California recently passed historic legislation mandating that the boards of public companies based in the state include at least one woman. With just over 20 percent of S&P 500 company board seats occupied by women, it’s no surprise that progressive legislators are putting pressure on companies to diversify their boards. This pressure is part of a larger wave of growing public scrutiny over board composition. A reasonable question, however, is whether this kind of public scrutiny is likely to move the needle meaningfully on boardroom diversity. To what extent is board composition shaped by outside pressure and inspection?

We recently examined this issue in a paper that is forthcoming in the Academy of Management Journal. We analyzed data on all directors seated on S&P 500 boards in 2013 — the most recently available data at the time of our study. Our question was this: Do boards seem to be “gaming diversity” in an effort to please the critics, or are they doing their best to include as many qualified women as possible? To figure this out, we first tallied the number of women seated on every board of directors in the S&P 500. We then compared these tallies to the counts you would expect to see if existing directors played a game of musical chairs and were reseated entirely at random.

Why did we do this, and what can it tell us? Well, if companies are working hard to avoid having zero female directors, we would expect to see a lot fewer boards with zero women than we would see in our simulated game of musical chairs. Indeed, we found that 45 percent fewer boards have zero women than you would expect based on our reshuffling exercise. This finding suggests that boards are exerting effort to avoid having zero female directors, even in the absence of legislation requiring this. In other words, if boards weren’t being strategic about diversity, a few would just happen to include no women (because there aren’t many female directors to go around), but 45 percent fewer have zero women than chance would predict (given the number of women already seated on boards).

This finding may not be surprising given the immense amount of negative press that leadership teams face for lacking diversity, particularly in light of evidence suggesting that gender diversity improves team performance. Consider the way Twitter was skewered in the media, for example, for making its initial public offering with zero women on its board, the way President Trump’s Cabinet was criticized by the media for its lack of gender diversity and the way the #OscarsSoWhite movement emerged from the lack of racial diversity in Academy Award nominations.

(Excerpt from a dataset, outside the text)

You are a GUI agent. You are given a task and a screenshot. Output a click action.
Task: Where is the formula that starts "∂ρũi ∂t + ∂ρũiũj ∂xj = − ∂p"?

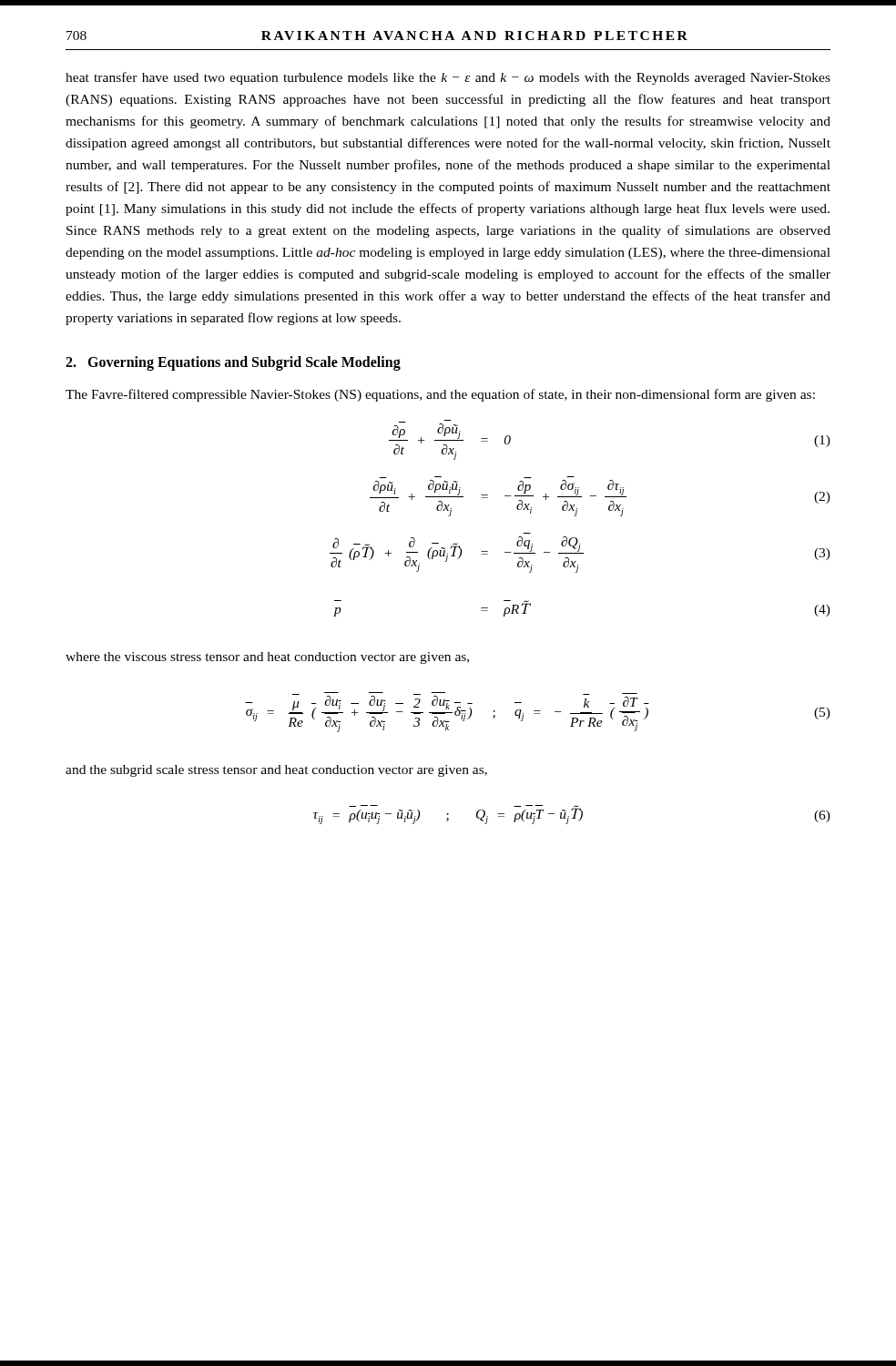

It is certainly a good thing that companies are working hard to avoid having female-free boards of directors. But is this because of a genuine commitment to diversity based on an understanding of its many benefits, or might it be rooted in the fear of public scrutiny? To get at the heart of this question, we explored whether boards appear to recruit as many women as possible or, instead, target some socially acceptable level of gender diversity and then curtail their efforts.

At the time of our study, the average board included just under two women. If boards diversify because they fear public scrutiny, you might expect them to diversify just enough to beat the average and avoid standing out. If boards diversify as much as possible, there should be no evidence of this kind of gaming. In our board data, we find that there are 45 percent more boards including exactly two women than would be expected by chance, according to our game of musical chairs. We call this phenomenon “twokenism.”

In short, boards worked hard to recruit two women, then efforts appear to have declined, presumably because they had hit the level of diversity they deemed satisfactory. Interestingly, this result is far more pronounced at companies that typically receive more media coverage, consistent with the idea that twokenism is a response to anticipated scrutiny.

No doubt, boards must weigh a wide variety of factors when adding members. One would be naive to ignore the complexity of the process involved. But the complexity of the process does not explain away our finding that a dramatically higher-than-chance number of boards include exactly two women. This is not about complexity.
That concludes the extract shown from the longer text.